Historical recaps describe past events that have been documented in other texts. They are written for entertainment purposes only. Historical recaps are often based on actual events but also contain some original material. For example, Shakespeare's plays were historical recasts of real-life occurrences. Fictional recaps use stories instead of facts as their basis. They are written with the intent to amuse or interest readers. Examples of this type of recount text include fairy tales and comic books. Journalistic recaps report on current events from a journalistic perspective. They attempt to offer an impartial account of what has happened. They may include first-person accounts by participants in the events described. Personal recounts are written by individuals who share their experiences with the readers. They can be funny or sad, depending on the writer's mood. For example, Dr. Seuss wrote several books about his experiences as a child. These narratives are called "personal recounts" because they tell the reader about Seuss' childhood adventures.
A retelling is the recall of events from an oral narrative. A recount is a chronological account of events found in a book that the pupils have studied. The distinction is that a learner can use the text to recall the events in chronological sequence. But a teacher can also use the text to discuss the themes within it and how these change over time.

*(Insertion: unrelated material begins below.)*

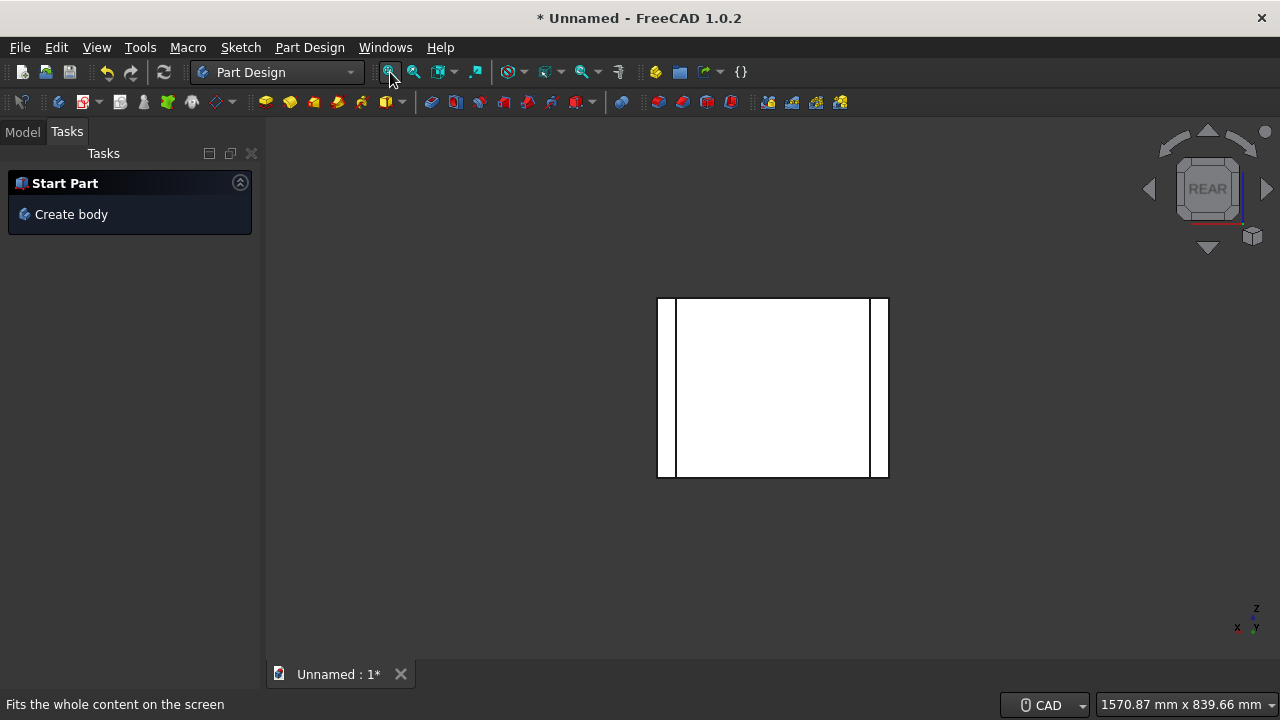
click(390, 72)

An orientation, a series of events in chronological order, personal reflections on the occurrences, and a reorientation that "rounds off" the sequence of events comprise a recount text. Recount texts are often used as preface or postface to other works.

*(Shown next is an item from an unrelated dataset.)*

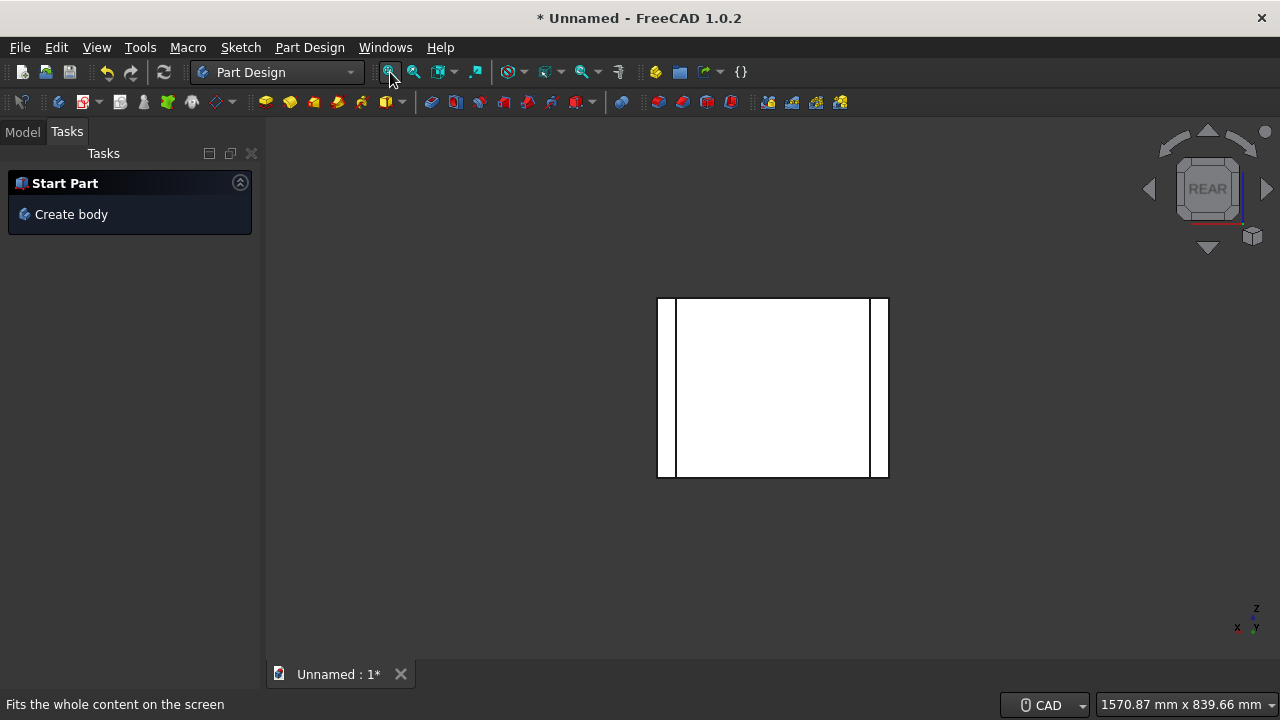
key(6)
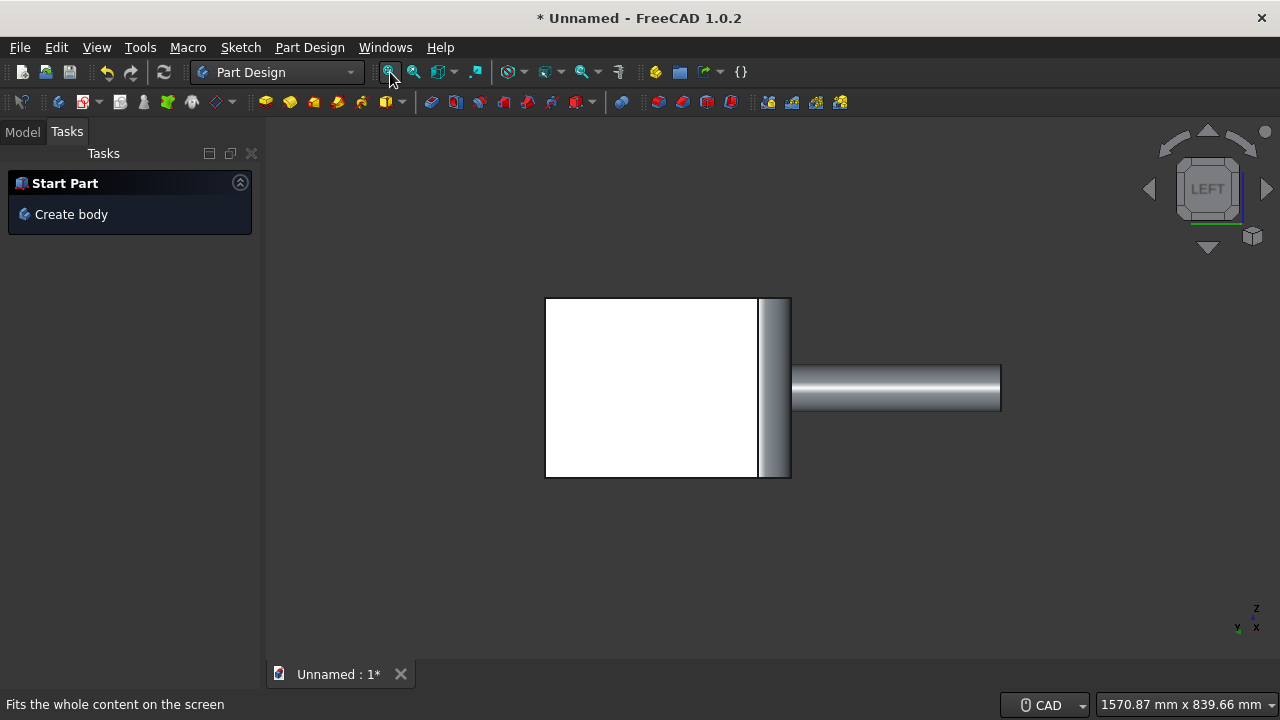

Recount texts are commonly found in historical novels and memoirs. They can also be seen in newspapers and magazines. Some examples include: George Washington's autobiography (written in 1790 after his first term as president ended) and The Life of Benjamin Franklin (written by Franklin's son in 1771 - 72 while he was still serving as America's ambassador to France).
The Iliad and The Odyssey, which deal with the Trojan War and the travels of Odysseus, respectively, are ancient Greek poems that were probably written down by different poets about 500 years before Christ. They form the basis for many modern languages including English, French, and Spanish. The Iliad is considered one of the greatest achievements in ancient Greek poetry and it is still read today for pleasure and education. It is estimated to have been written over 2000 years ago!
The Aeneid, which means "the song of victory" in Latin, is an epic poem by the Roman poet Virgil (70-19 B.C.).
A literary recall retells a series of events for entertaining purposes. A literary recount is analogous to a factual recount. Both offer information about what happened, including who was involved, when and where the incident occurred, and what may have happened as a result. They differ mainly in their approach to presenting this information. For example, a literary recount can use more detail and descriptive language to make the story more interesting to read or listen to.
In crime fiction, literary recounts are used by authors to explain how they believe the crime was committed. The reader then uses this knowledge to try to work out who might have done it.
Literary recaps are found in many books, especially those that involve police investigations. You will often see them used in detective novels and thrillers where the author wants to explain something about the crime scene or the investigation that doesn't fit into the main narrative.
For example, an author might write: "The sheriff figured out that my character was set upon by muggers because there were no money bags lying around after the robbery. A literary recount revealed that none of the cash from the robbery was taken." In other words, the reader learns about the criminal's motive through reading an explanatory text.
Literary recaps are useful tools for writers to employ when trying to explain things that don't fit into the main storyline or aren't relevant to the characters' problems.